**Supplied records:**
++++++++++

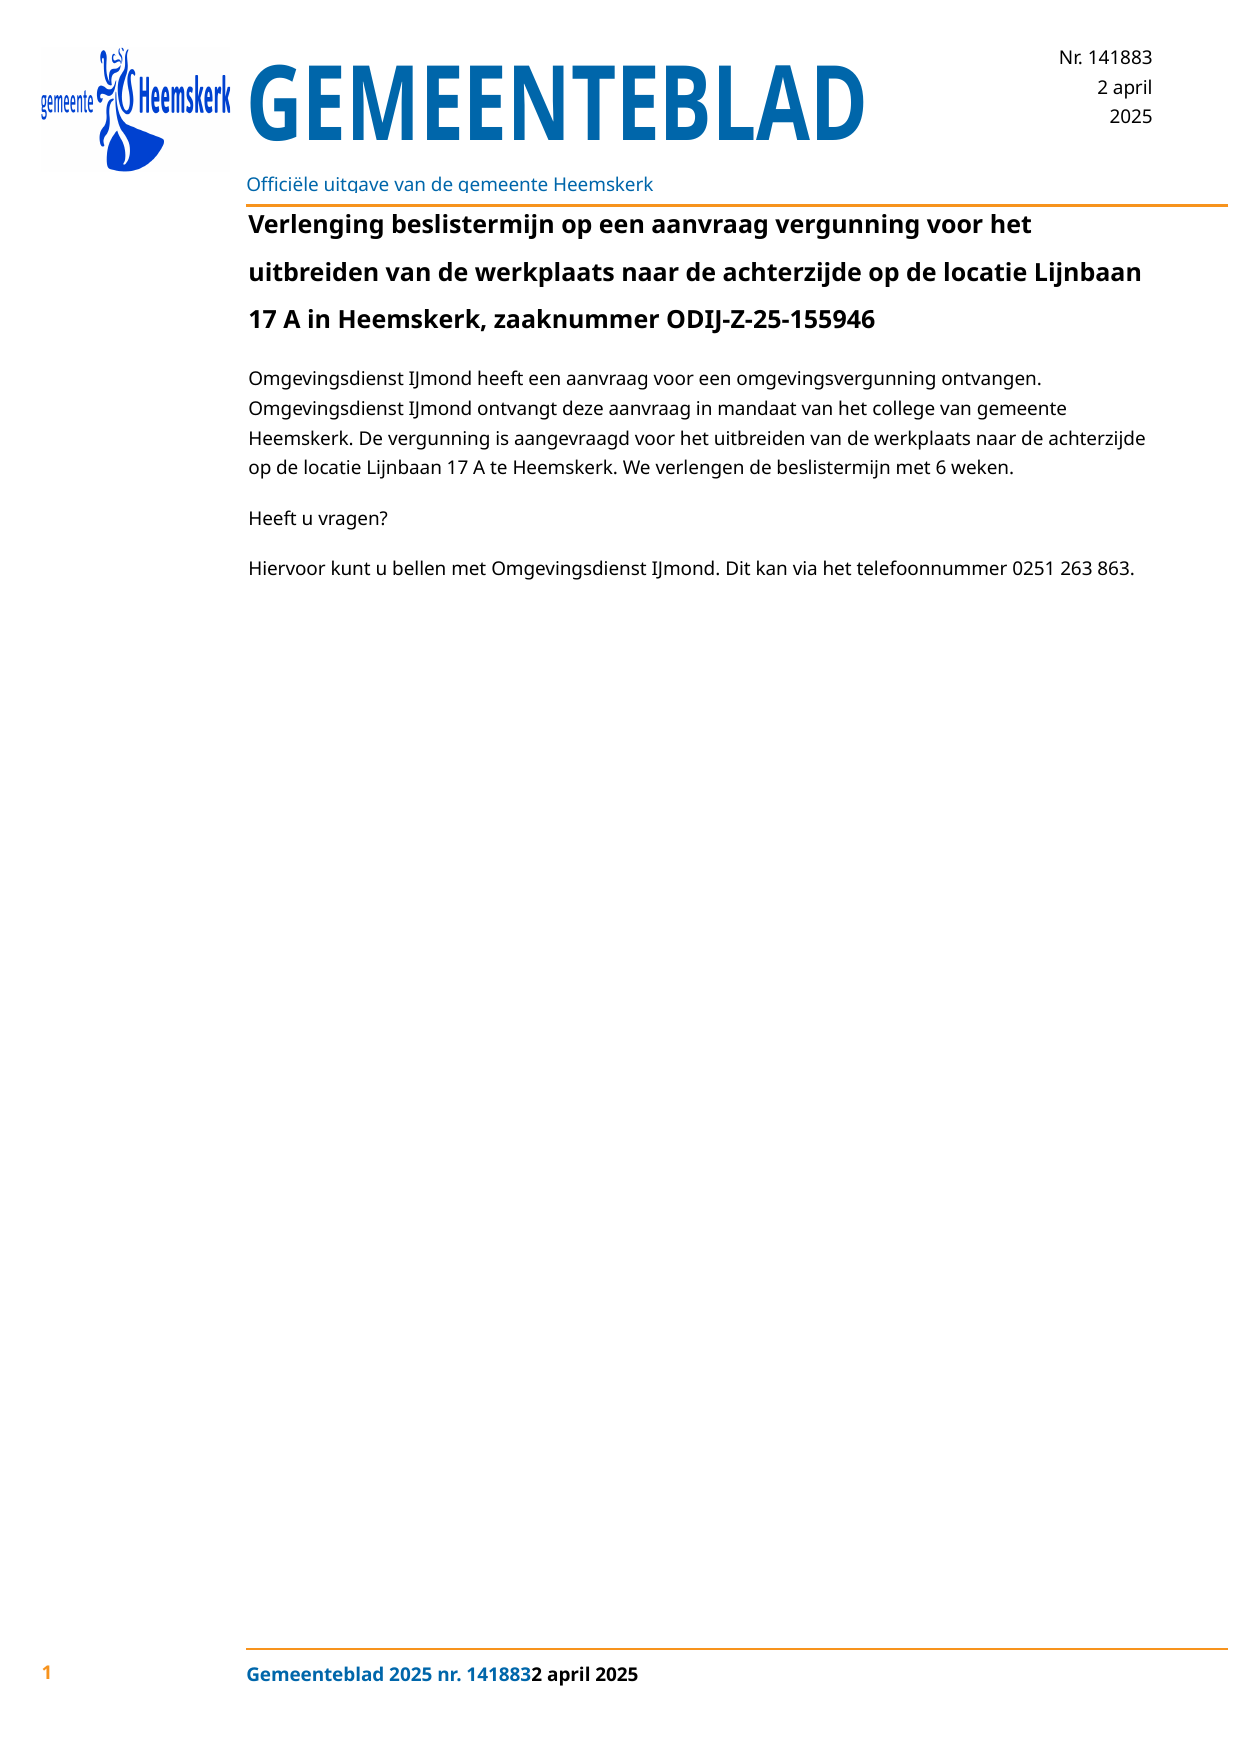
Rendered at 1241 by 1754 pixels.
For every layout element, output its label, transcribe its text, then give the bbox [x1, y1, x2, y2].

text Heeft u vragen? [248, 505, 1152, 530]
text Omgevingsdienst IJmond heeft een aanvraag voor een omgevingsvergunning ontvangen. Omgevingsdienst IJmond ontvangt deze aanvraag in mandaat van het college van gemeente Heemskerk. De vergunning is aangevraagd voor het uitbreiden van de werkplaats naar de achterzijde op de locatie Lijnbaan 17 A te Heemskerk. We verlengen de beslistermijn met 6 weken. [248, 366, 1152, 480]
text Hiervoor kunt u bellen met Omgevingsdienst IJmond. Dit kan via het telefoonnummer 0251 263 863. [248, 555, 1152, 581]
picture [41, 47, 231, 172]
text Verlenging beslistermijn op een aanvraag vergunning voor het uitbreiden van de werkplaats naar de achterzijde op de locatie Lijnbaan 17 A in Heemskerk, zaaknummer ODIJ-Z-25-155946 [248, 207, 1152, 336]
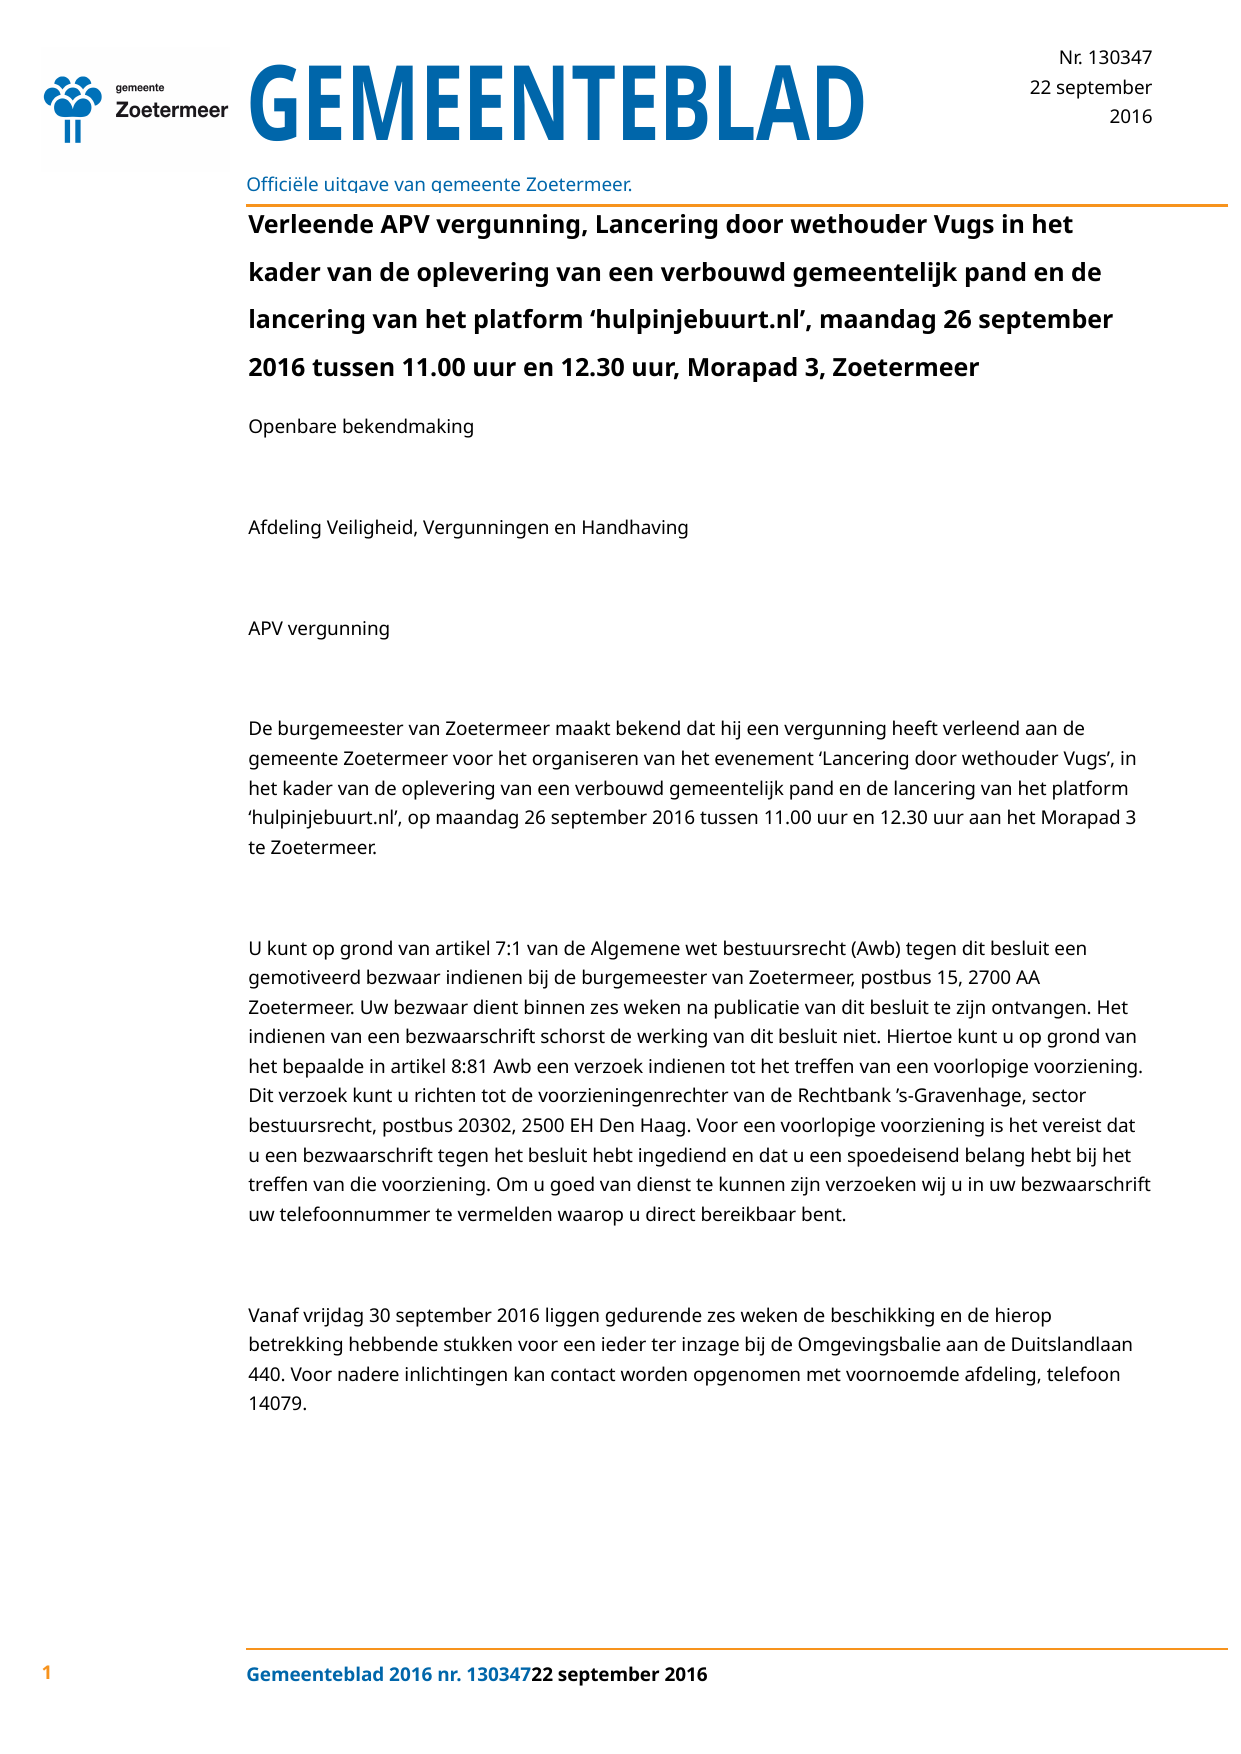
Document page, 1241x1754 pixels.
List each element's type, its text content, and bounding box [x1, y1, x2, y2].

picture [41, 47, 231, 172]
text De burgemeester van Zoetermeer maakt bekend dat hij een vergunning heeft verleend aan de gemeente Zoetermeer voor het organiseren van het evenement ‘Lancering door wethouder Vugs’, in het kader van de oplevering van een verbouwd gemeentelijk pand en de lancering van het platform ‘hulpinjebuurt.nl’, op maandag 26 september 2016 tussen 11.00 uur en 12.30 uur aan het Morapad 3 te Zoetermeer. [248, 716, 1152, 860]
text U kunt op grond van artikel 7:1 van de Algemene wet bestuursrecht (Awb) tegen dit besluit een gemotiveerd bezwaar indienen bij de burgemeester van Zoetermeer, postbus 15, 2700 AA Zoetermeer. Uw bezwaar dient binnen zes weken na publicatie van dit besluit te zijn ontvangen. Het indienen van een bezwaarschrift schorst de werking van dit besluit niet. Hiertoe kunt u op grond van het bepaalde in artikel 8:81 Awb een verzoek indienen tot het treffen van een voorlopige voorziening. Dit verzoek kunt u richten tot de voorzieningenrechter van de Rechtbank ’s-Gravenhage, sector bestuursrecht, postbus 20302, 2500 EH Den Haag. Voor een voorlopige voorziening is het vereist dat u een bezwaarschrift tegen het besluit hebt ingediend en dat u een spoedeisend belang hebt bij het treffen van die voorziening. Om u goed van dienst te kunnen zijn verzoeken wij u in uw bezwaarschrift uw telefoonnummer te vermelden waarop u direct bereikbaar bent. [248, 935, 1152, 1227]
text APV vergunning [248, 615, 1152, 641]
text Vanaf vrijdag 30 september 2016 liggen gedurende zes weken de beschikking en de hierop betrekking hebbende stukken voor een ieder ter inzage bij de Omgevingsbalie aan de Duitslandlaan 440. Voor nadere inlichtingen kan contact worden opgenomen met voornoemde afdeling, telefoon 14079. [248, 1302, 1152, 1416]
text Verleende APV vergunning, Lancering door wethouder Vugs in het kader van de oplevering van een verbouwd gemeentelijk pand en de lancering van het platform ‘hulpinjebuurt.nl’, maandag 26 september 2016 tussen 11.00 uur en 12.30 uur, Morapad 3, Zoetermeer [248, 207, 1152, 384]
text Afdeling Veiligheid, Vergunningen en Handhaving [248, 514, 1152, 540]
text Openbare bekendmaking [248, 413, 1152, 439]
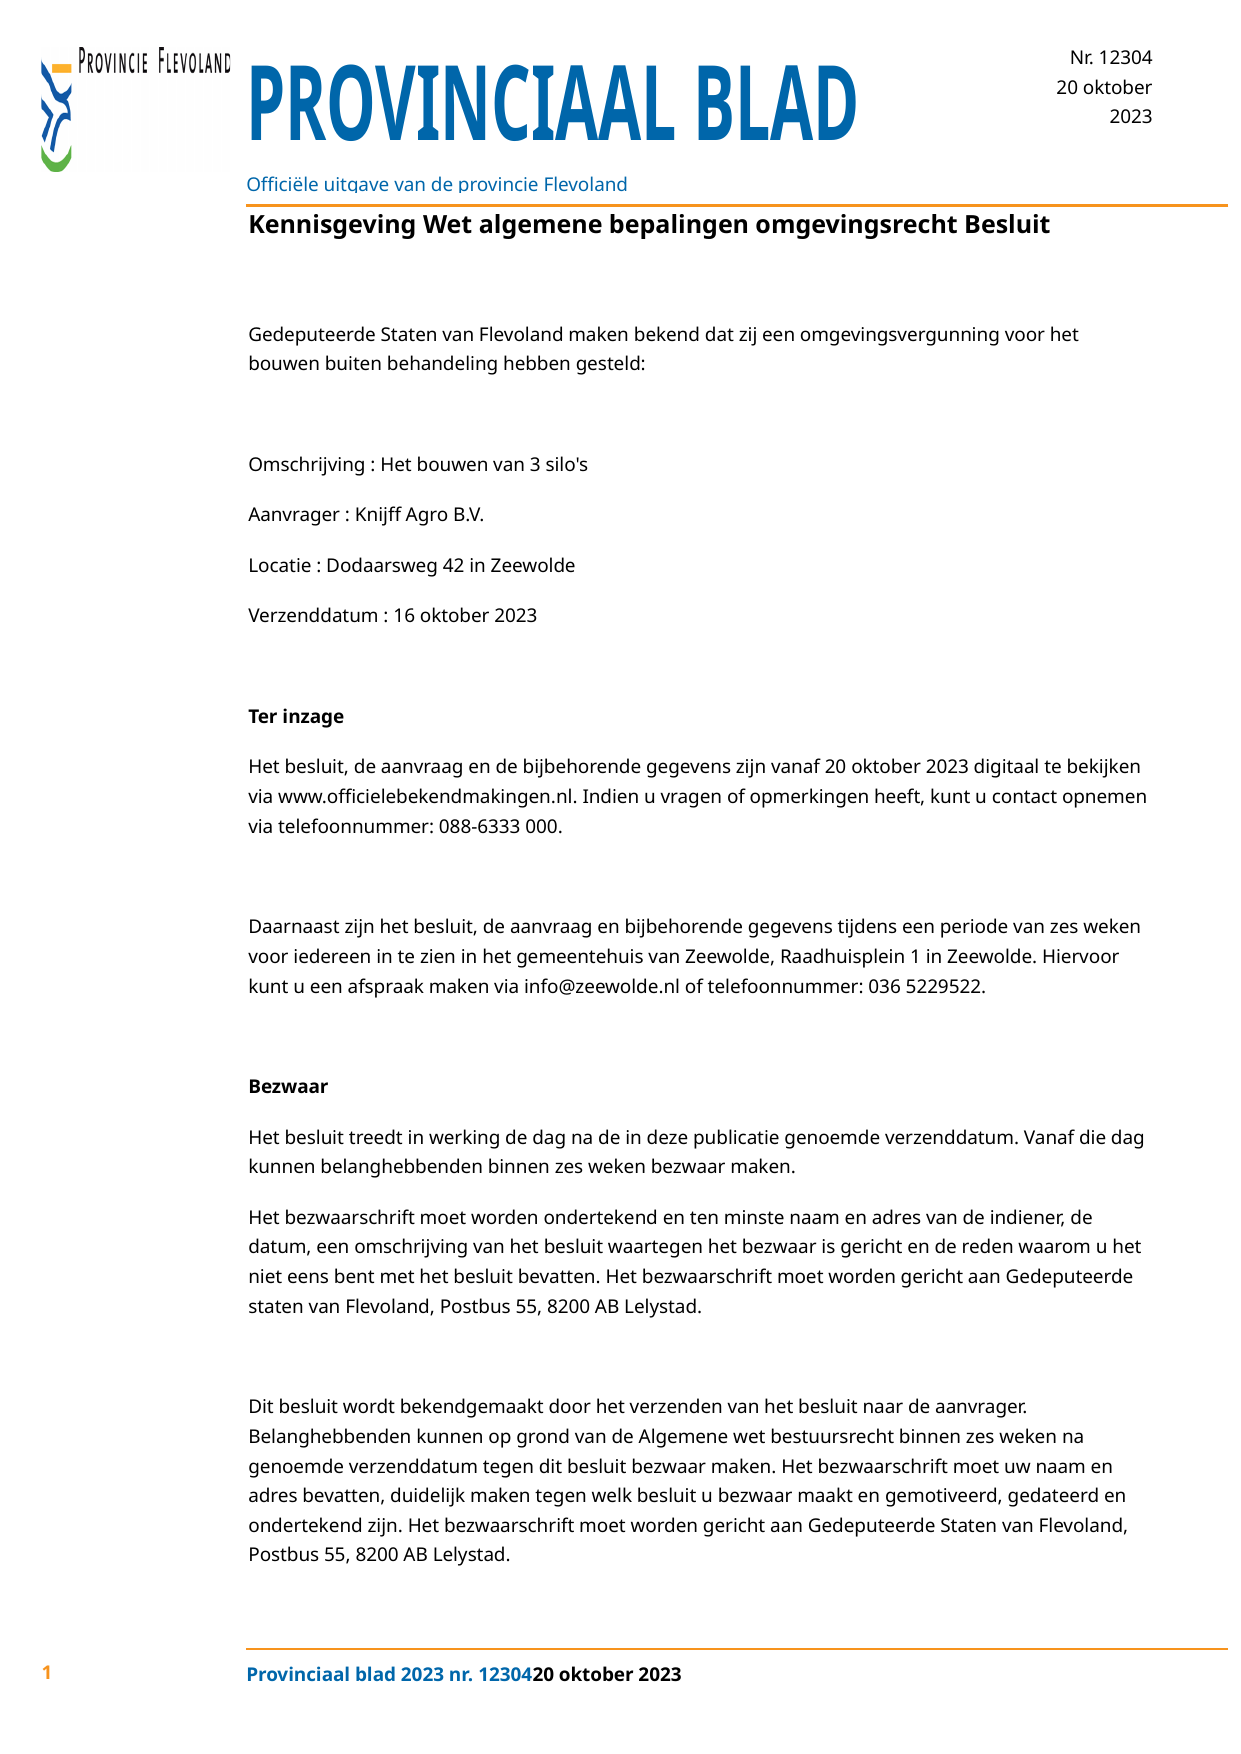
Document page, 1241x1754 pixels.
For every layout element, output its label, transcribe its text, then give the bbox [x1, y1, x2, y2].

text Aanvrager : Knijff Agro B.V. [248, 502, 1152, 527]
text Verzenddatum : 16 oktober 2023 [248, 602, 1152, 628]
text Omschrijving : Het bouwen van 3 silo's [248, 451, 1152, 477]
text Locatie : Dodaarsweg 42 in Zeewolde [248, 552, 1152, 578]
text Ter inzage [248, 703, 1152, 729]
text Gedeputeerde Staten van Flevoland maken bekend dat zij een omgevingsvergunning voor het bouwen buiten behandeling hebben gesteld: [248, 321, 1152, 376]
picture [41, 47, 231, 172]
text Dit besluit wordt bekendgemaakt door het verzenden van het besluit naar de aanvrager. Belanghebbenden kunnen op grond van de Algemene wet bestuursrecht binnen zes weken na genoemde verzenddatum tegen dit besluit bezwaar maken. Het bezwaarschrift moet uw naam en adres bevatten, duidelijk maken tegen welk besluit u bezwaar maakt en gemotiveerd, gedateerd en ondertekend zijn. Het bezwaarschrift moet worden gericht aan Gedeputeerde Staten van Flevoland, Postbus 55, 8200 AB Lelystad. [248, 1394, 1152, 1567]
text Het bezwaarschrift moet worden ondertekend en ten minste naam en adres van de indiener, de datum, een omschrijving van het besluit waartegen het bezwaar is gericht en de reden waarom u het niet eens bent met het besluit bevatten. Het bezwaarschrift moet worden gericht aan Gedeputeerde staten van Flevoland, Postbus 55, 8200 AB Lelystad. [248, 1204, 1152, 1318]
text Bezwaar [248, 1074, 1152, 1099]
text Het besluit, de aanvraag en de bijbehorende gegevens zijn vanaf 20 oktober 2023 digitaal te bekijken via www.officielebekendmakingen.nl. Indien u vragen of opmerkingen heeft, kunt u contact opnemen via telefoonnummer: 088-6333 000. [248, 754, 1152, 838]
text Daarnaast zijn het besluit, de aanvraag en bijbehorende gegevens tijdens een periode van zes weken voor iedereen in te zien in het gemeentehuis van Zeewolde, Raadhuisplein 1 in Zeewolde. Hiervoor kunt u een afspraak maken via info@zeewolde.nl of telefoonnummer: 036 5229522. [248, 914, 1152, 998]
text Het besluit treedt in werking de dag na de in deze publicatie genoemde verzenddatum. Vanaf die dag kunnen belanghebbenden binnen zes weken bezwaar maken. [248, 1124, 1152, 1179]
text Kennisgeving Wet algemene bepalingen omgevingsrecht Besluit [248, 207, 1152, 241]

++++++++++

From the line containing "text Locatie : Dodaarsweg" down to the last line of the material, each line is to be retyped exactly; no other lines belong in the answer.

text Locatie : Dodaarsweg 42 in Zeewolde [248, 552, 1152, 578]
text Ter inzage [248, 703, 1152, 729]
text Gedeputeerde Staten van Flevoland maken bekend dat zij een omgevingsvergunning voor het bouwen buiten behandeling hebben gesteld: [248, 321, 1152, 376]
picture [41, 47, 231, 172]
text Dit besluit wordt bekendgemaakt door het verzenden van het besluit naar de aanvrager. Belanghebbenden kunnen op grond van de Algemene wet bestuursrecht binnen zes weken na genoemde verzenddatum tegen dit besluit bezwaar maken. Het bezwaarschrift moet uw naam en adres bevatten, duidelijk maken tegen welk besluit u bezwaar maakt en gemotiveerd, gedateerd en ondertekend zijn. Het bezwaarschrift moet worden gericht aan Gedeputeerde Staten van Flevoland, Postbus 55, 8200 AB Lelystad. [248, 1394, 1152, 1567]
text Het bezwaarschrift moet worden ondertekend en ten minste naam en adres van de indiener, de datum, een omschrijving van het besluit waartegen het bezwaar is gericht en de reden waarom u het niet eens bent met het besluit bevatten. Het bezwaarschrift moet worden gericht aan Gedeputeerde staten van Flevoland, Postbus 55, 8200 AB Lelystad. [248, 1204, 1152, 1318]
text Bezwaar [248, 1074, 1152, 1099]
text Het besluit, de aanvraag en de bijbehorende gegevens zijn vanaf 20 oktober 2023 digitaal te bekijken via www.officielebekendmakingen.nl. Indien u vragen of opmerkingen heeft, kunt u contact opnemen via telefoonnummer: 088-6333 000. [248, 754, 1152, 838]
text Daarnaast zijn het besluit, de aanvraag en bijbehorende gegevens tijdens een periode van zes weken voor iedereen in te zien in het gemeentehuis van Zeewolde, Raadhuisplein 1 in Zeewolde. Hiervoor kunt u een afspraak maken via info@zeewolde.nl of telefoonnummer: 036 5229522. [248, 914, 1152, 998]
text Het besluit treedt in werking de dag na de in deze publicatie genoemde verzenddatum. Vanaf die dag kunnen belanghebbenden binnen zes weken bezwaar maken. [248, 1124, 1152, 1179]
text Kennisgeving Wet algemene bepalingen omgevingsrecht Besluit [248, 207, 1152, 241]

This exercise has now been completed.